Data Modeling
We have applied Multiple Linear Regression approach to the simulated
data set for COVID-19 subjects generated and analyzed to understand the
impact of each of the parameters on the outcome of disease severity. We
chose a multiple regression model since both, the outcomes and
predictors, were numeric. We used regression models to establish a
predictive transfer function and evaluated significance of results. In
this model, the relationship between independent variables (x1,
x2…xn ) with dependent variable (y ) can
be visualized by the equation, y=f (x1,
x2…xn). This is the transfer function that is
derived through analysis. The validity of the model was established
using ‘Goodness of Fit’ and ANOVA. The statistical significance of the
model was tested by evaluating residuals and F Ratio in one-way ANOVA,
based on the criteria of p <0.05 and goodness-of-fit with Adj.
RSq >90%. The assumption for this analysis was that each
of the parameters was independent.
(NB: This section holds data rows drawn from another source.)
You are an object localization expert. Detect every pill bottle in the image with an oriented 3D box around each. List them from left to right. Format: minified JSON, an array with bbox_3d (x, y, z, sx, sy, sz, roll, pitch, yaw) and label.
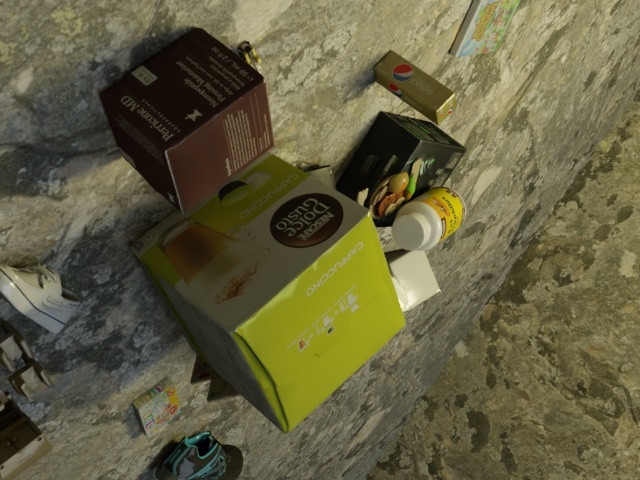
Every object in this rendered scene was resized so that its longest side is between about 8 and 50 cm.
[{"bbox_3d":[0.249,-0.048,2.067,0.215,0.117,0.117,-30,150,-54],"label":"pill bottle"}]

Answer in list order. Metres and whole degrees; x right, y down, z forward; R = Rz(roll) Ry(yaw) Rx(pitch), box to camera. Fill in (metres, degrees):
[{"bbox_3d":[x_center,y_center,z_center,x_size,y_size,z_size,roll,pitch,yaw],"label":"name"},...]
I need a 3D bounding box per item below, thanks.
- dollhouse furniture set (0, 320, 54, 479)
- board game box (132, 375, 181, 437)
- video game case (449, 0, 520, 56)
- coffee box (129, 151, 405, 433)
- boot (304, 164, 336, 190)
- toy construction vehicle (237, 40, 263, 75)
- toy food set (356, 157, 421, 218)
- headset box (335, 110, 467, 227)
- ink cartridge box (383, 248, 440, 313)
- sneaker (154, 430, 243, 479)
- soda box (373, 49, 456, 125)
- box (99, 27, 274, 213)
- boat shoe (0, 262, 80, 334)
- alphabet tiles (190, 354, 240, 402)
[{"bbox_3d":[-0.587,0.275,1.528,0.212,0.161,0.242,-37,130,-25],"label":"dollhouse furniture set"},{"bbox_3d":[-0.386,0.396,2.100,0.103,0.026,0.154,-37,152,-24],"label":"board game box"},{"bbox_3d":[0.406,-0.537,2.095,0.193,0.023,0.212,-20,142,-46],"label":"video game case"},{"bbox_3d":[-0.090,0.090,1.705,0.337,0.334,0.338,-40,138,-19],"label":"coffee box"},{"bbox_3d":[0.024,-0.064,1.974,0.076,0.209,0.189,-19,-179,11],"label":"boot"},{"bbox_3d":[-0.140,-0.294,1.528,0.086,0.035,0.098,-43,154,-14],"label":"toy construction vehicle"},{"bbox_3d":[0.161,-0.097,1.989,0.192,0.038,0.132,-30,147,-28],"label":"toy food set"},{"bbox_3d":[0.186,-0.164,2.131,0.283,0.131,0.246,-3,129,-57],"label":"headset box"},{"bbox_3d":[0.090,0.134,2.081,0.307,0.129,0.223,-27,-172,-38],"label":"ink cartridge box"},{"bbox_3d":[-0.296,0.593,2.409,0.140,0.125,0.341,-59,156,9],"label":"sneaker"},{"bbox_3d":[0.199,-0.322,1.870,0.061,0.181,0.058,-45,155,-11],"label":"soda box"},{"bbox_3d":[-0.204,-0.191,1.409,0.203,0.168,0.167,-40,154,-21],"label":"box"},{"bbox_3d":[-0.471,0.077,1.458,0.084,0.095,0.258,-49,166,-12],"label":"boat shoe"},{"bbox_3d":[-0.123,0.207,1.912,0.342,0.285,0.011,-16,132,24],"label":"alphabet tiles"}]
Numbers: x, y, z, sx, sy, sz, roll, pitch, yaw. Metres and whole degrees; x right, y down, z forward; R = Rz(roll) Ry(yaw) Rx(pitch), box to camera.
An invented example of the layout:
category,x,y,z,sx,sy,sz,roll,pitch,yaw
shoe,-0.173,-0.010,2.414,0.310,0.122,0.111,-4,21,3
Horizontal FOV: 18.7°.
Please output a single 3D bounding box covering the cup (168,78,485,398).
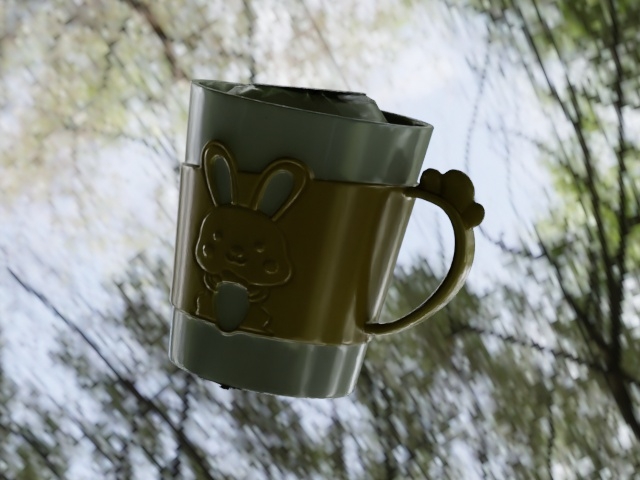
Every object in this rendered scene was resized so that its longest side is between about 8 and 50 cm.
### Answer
category,x,y,z,sx,sy,sz,roll,pitch,yaw
cup,0.000,0.000,1.441,0.241,0.185,0.226,16,-81,25
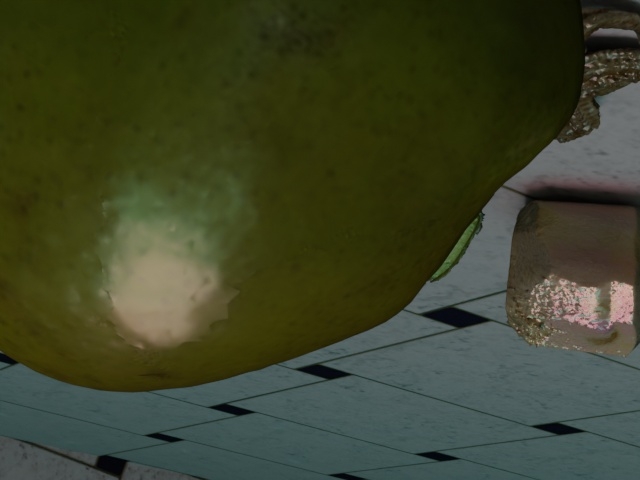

However, in cases where factual
patient datasets will be subjected to this type of analysis, there may
be multi-co-linearity within the parameters that should be rationalized
using dimensionality reduction methods [14, 15].
Since the model may not exhibit multiple combination of parameters in
the limited dataset of 45 subjects, we have used resampling methods
using Monte Carlo simulation to achieve a better density of
combinations. The simulation was applied for resampling of the transfer
function with 2000 runs, where a convergence was achieved after multiple
runs. The simulation was performed in order to understand the impact of
possible parameter combinations on clinical outcomes. Monte Carlo
simulation uses random variates from selected range of values to model
the impact of progression of events leading to outcomes.